На это ответить нечего. Анна касается лица и плеча спящего. Потом встает и открывает дверь в выстуженную туалетную комнату министерши.
Когда она, более или менее приведя себя в порядок, возвращается в кровать, Тумаса там нет. Она сворачивается под тяжелой периной, да, чувствует она себя неважно, от живота к голове поднимается волна лихорадки. Анна лязгает зубами — «наверное, у меня температура».
Она закрывает глаза, но тут же снова их открывает — очевидно, она заснула. Тумас сидит на стуле возле двери совершенно одетый. Лицо белое как полотно, в глазах слезы.
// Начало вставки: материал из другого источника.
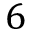Convert formula to latex. <formula><loc_0><loc_0><loc_500><loc_500>6</formula> 
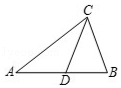In triangle ABC, given that CD is the midline, AB is 40 units long, what is the length of AD? In the diagram of triangle ABC, CD acts as the median, connecting midpoint D with vertex C. Since AB, the base of the triangle, measures 40 units, the line segment AD, being half of AB due to the properties of a median in a triangle, measures exactly 20 units. This allows us to understand the proportional relationships within the triangle, providing insight into its geometric structure. 
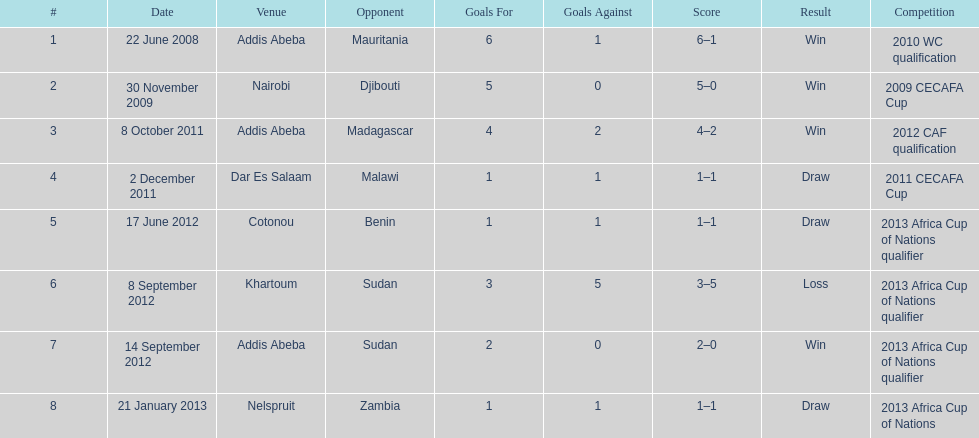For each winning game, what was their score? 6-1, 5-0, 4-2, 2-0. 
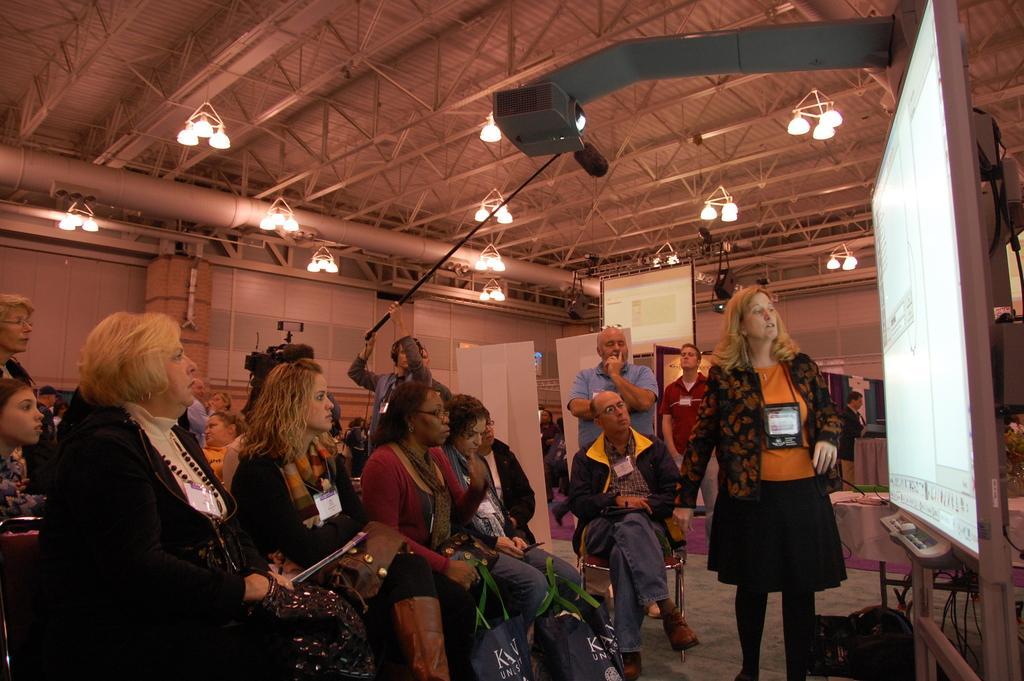Describe this image in one or two sentences. In this image we can see some group of lady persons sitting on chairs watching towards projector screen on which something displaying there is person standing near the projector screen explaining something and in the background of the image there is a man who is holding a stick which has camera, there are some other projector screens, lights and roof.

— Я уезжаю. Пароход на Ондальснес уходит через два часа, в семь, по воскресеньям он отходит на час позже. Я прогуляюсь до гавани, это недалеко. Внизу в прихожей я нашел расписание с указанием отплытия и прибытия пароходов. «Оттерэй» по воскресеньям отходит в семь утра, часом позже, чем по будням. Потом я прямо пересяду на поезд. Он уходит в пять вечера. Это пассажирский поезд — останавливается на всех станциях. В Осло я буду не раньше утра понедельника. А там много вариантов, но я смогу быть в Стокгольме уже в семь вечера в понедельник и в девять — самое позднее — в Уппсале. Анна сидит в кровати, подобрав под себя колени, от нее пышет жаром, поэтому она сбросила перину и укуталась в просторную ночную рубаху. Глаза закрыты, щеки пылают.
— Не уезжай.
— Надо быть честным.
У нее перехватывает дыхание, глаза устремлены на него:
— Что ты имеешь в виду?
— То, что я сказал, — говорит Тумас, — я должен быть честным. К моему ужасу, я вижу, что не был честным.
— В чем проявлялась твоя нечестность? — спрашивает Анна, почти потеряв голос.
— Я должен был бы осознать свою ущербность. Должен был бы сказать тебе, что вся эта поездка — ошибка. Может, не для тебя, а для меня. Находиться в бегах мне не по силам. Я слишком серый.